Top riesling food pairings
Riesling - it's a cracking versatile drop that pairs well with most foods, but here's seven pairings where it really excels.
Riesling’s light body makes it a natural match for seafood, especially barbecued prawns. You don't want something too heavy overpowering that delicate protein, after all. And the lightness of the wine means it won't fill you up too fast, leaving plenty of room for more prawns (and more wine, of course). Plus there's that hint of sweetness in even a dry riesling that just ties everything together, complementing the slight sweetness of the prawns perfectly.
Thai green curry
We’ll start with the pairing that lays claim to being riesling’s greatest hit - dry or off-dry riesling and Thai green curry. If you’ve had it, you’ll know - and if you haven’t, you’re in for a treat. It’s going to sound overhyped, but it’s one of those first-tried-never-forgotten things. Are we getting ahead of ourselves? Probably - but don’t let this be a recommendation that you park for a rainy day. Carpe diem, carpe thai green curry and riesling. The lemongrass, coconut-creaminess and green chilli heat of the curry is already an explosion of taste that makes you sit up, but when you add the bright floral and citrus, green apple or even stone fruits of riesling you’re on another level.
Roast pork belly and pickled green mango
This is a great one too - pork being that meat that’s not quite light enough to be considered alongside chicken or turkey, and not quite red-blooded enough to be in the lamb and beef camp either. If in doubt, reach for the riesling, and pairing crispy, succulent pork belly with a pickled green mango salad ticks all the boxes. The slightly sweet-sour green mango salad will be a great match pairing to a dry or off dry riesling, whether it’s on the more citrus end of the spectrum or leaning towards warmer peach or apricot territory. The acidity of a riesling will also really help lighten up the fat of the pork belly, and contribute to that melt-in-the-mouth texture.

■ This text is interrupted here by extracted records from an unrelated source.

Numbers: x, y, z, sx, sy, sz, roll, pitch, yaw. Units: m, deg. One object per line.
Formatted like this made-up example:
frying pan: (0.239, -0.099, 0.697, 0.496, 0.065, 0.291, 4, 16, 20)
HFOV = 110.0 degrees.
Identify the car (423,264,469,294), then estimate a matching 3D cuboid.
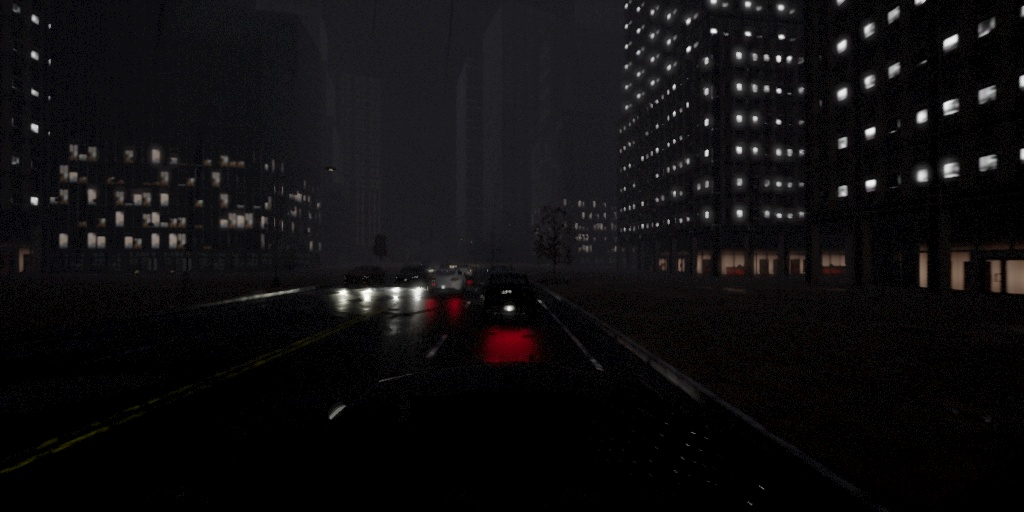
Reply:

We’ve gone more island inspired with this pairing, but riesling is also a great wine to pair generally with Thai, Vietnamese or southern Indian flavours (often clumsily lumped together as “Asian” cuisine). It’s a massive disservice to cram all of these vibrant and regional variations into one umbrella term, so grab your flavour passport and go taste-backpacking; just make sure to pack the riesling.
Caramelised onion and goat’s cheese tart
A provincial pairing that’s got flavour in spades; caramelised onion and goats cheese with a dry or off dry riesling is a winner for all the right reasons. Fruit sweetness adds a complementary match to the caramelised onion, and a bright point of contrast against the salty and sharp goat’s cheese. It’s your next goat-to try pairing (we had to, sorry).
New England lobster/crayfish/crab rolls
A perfect summer (or anytime) pairing, the sweetness of the lobster/crayfish/crab meat (delete as appropriate depending on how decadent you’re feeling) goes hand-in-claw with a dry or off-dry riesling. Throw in a toasted brioche bun and a creamy New England dressing and you’re all sorted - the acidity of the wine will keep each mouthful indulgent-yet-light.
Pan-fried trout and green apple & avocado salad
Another winning seafood combo, tried and tested by us - a fresh, flaky trout, lightly pan fried, served with an apple and avocado salad. The green apple in the salad will match the bright citrus and green apple flavours of the riesling, and the light body and refreshing acidity won’t overwhelm the fish or the avocado. A light and delicious riesling is perfect for this light and delicious fish dish.
We’ve hidden this at the bottom away from prying eyes - if you’ve got this far, fried chicken is probably what you’ve been looking for. Be honest. The floral aromatics and fruit sweetness of the riesling provides a great counterpoint to the salty, crispy, succulence of the fried chicken. A bucket of deep-fried bird and a bottle of Clare or Eden Valley’s finest and trust us, you’ll be in heaven.